Activity: Please repeat the whole listing exactly, but leave out any picture it holds.

Data below:
=-=-=

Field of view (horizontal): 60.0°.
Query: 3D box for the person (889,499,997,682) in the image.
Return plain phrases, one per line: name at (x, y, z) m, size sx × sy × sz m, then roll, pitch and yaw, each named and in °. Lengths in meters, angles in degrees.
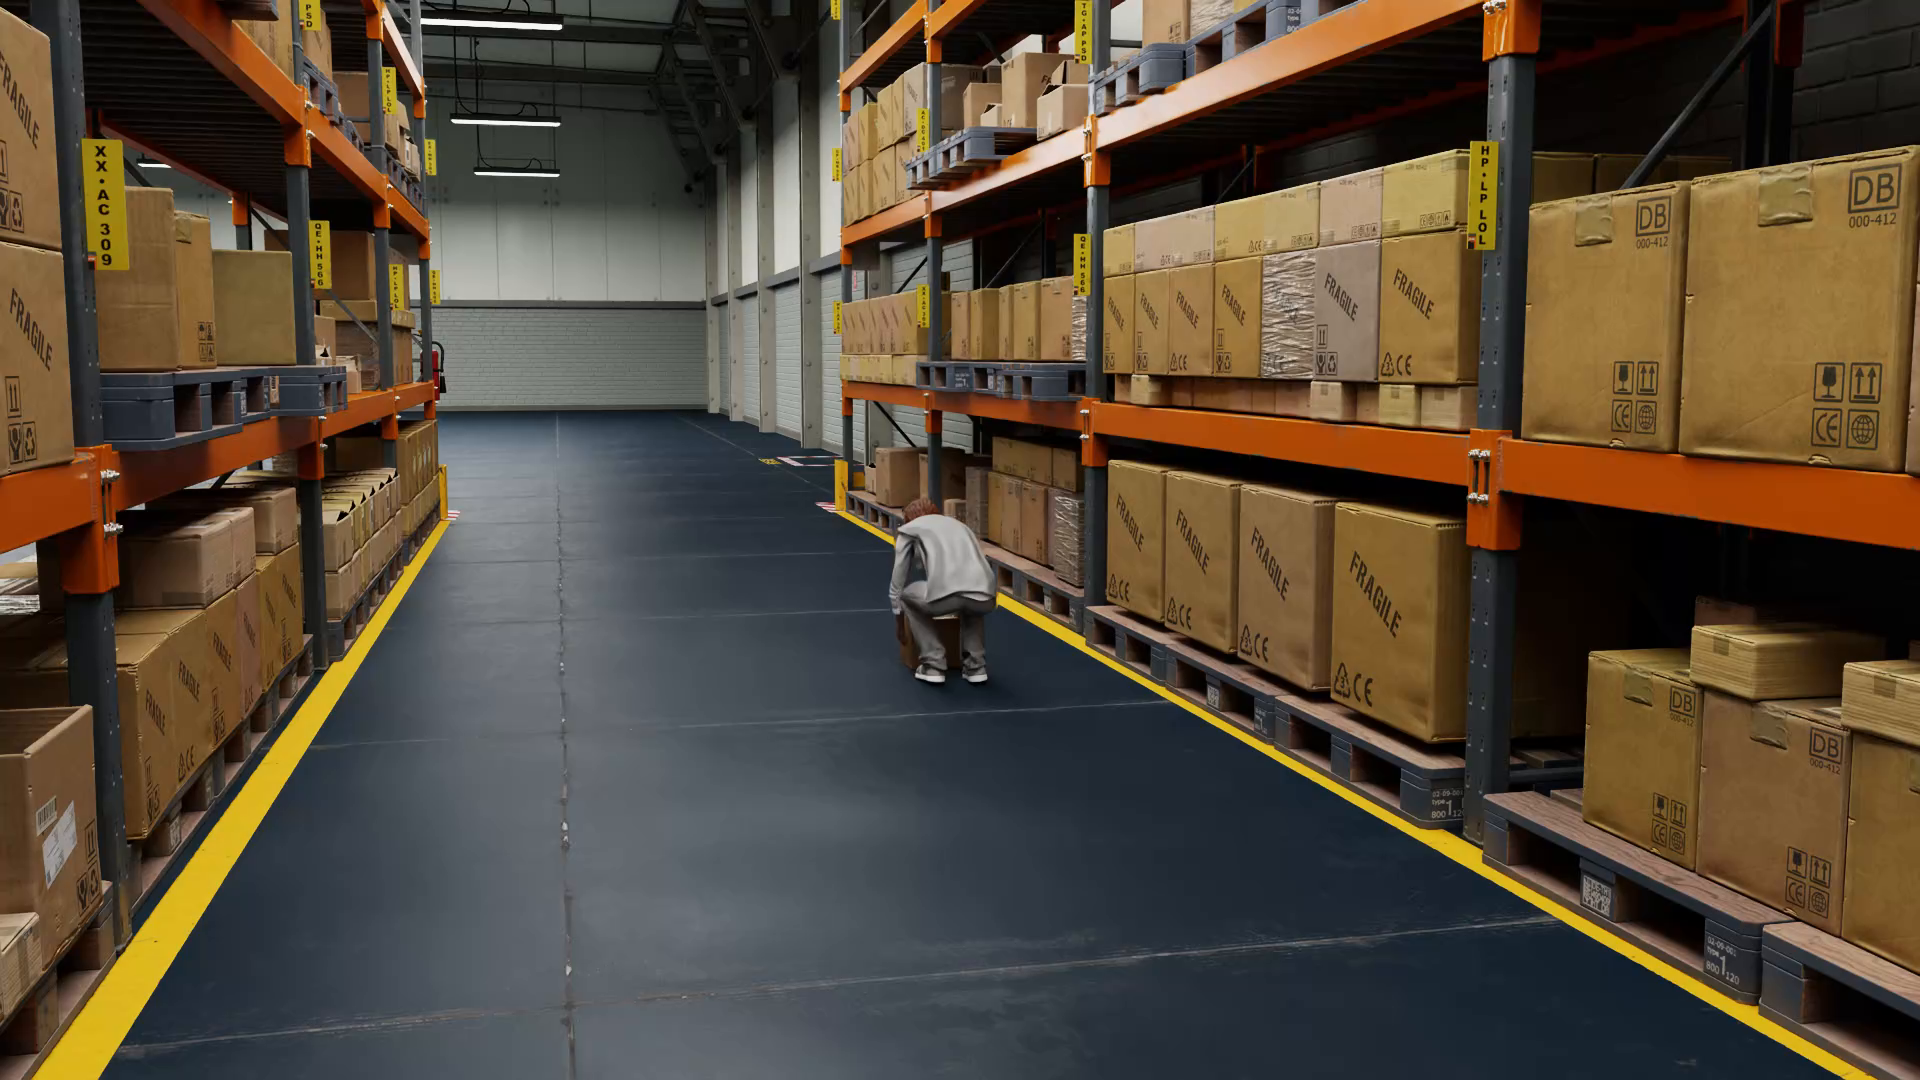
person at (-0.082, 0.251, 8.035) m, size 0.442 × 0.845 × 0.799 m, roll -2°, pitch 7°, yaw -14°

=-=-=

Response for this exercise:
Field of view (horizontal): 60.0°.
Query: 3D box for the person (889,499,997,682) in the image.
Return plain phrases, one per line: name at (x, y, z) m, size sx × sy × sz m, then roll, pitch and yaw, each named and in °. Lengths in meters, angles in degrees.
person at (-0.082, 0.251, 8.035) m, size 0.442 × 0.845 × 0.799 m, roll -2°, pitch 7°, yaw -14°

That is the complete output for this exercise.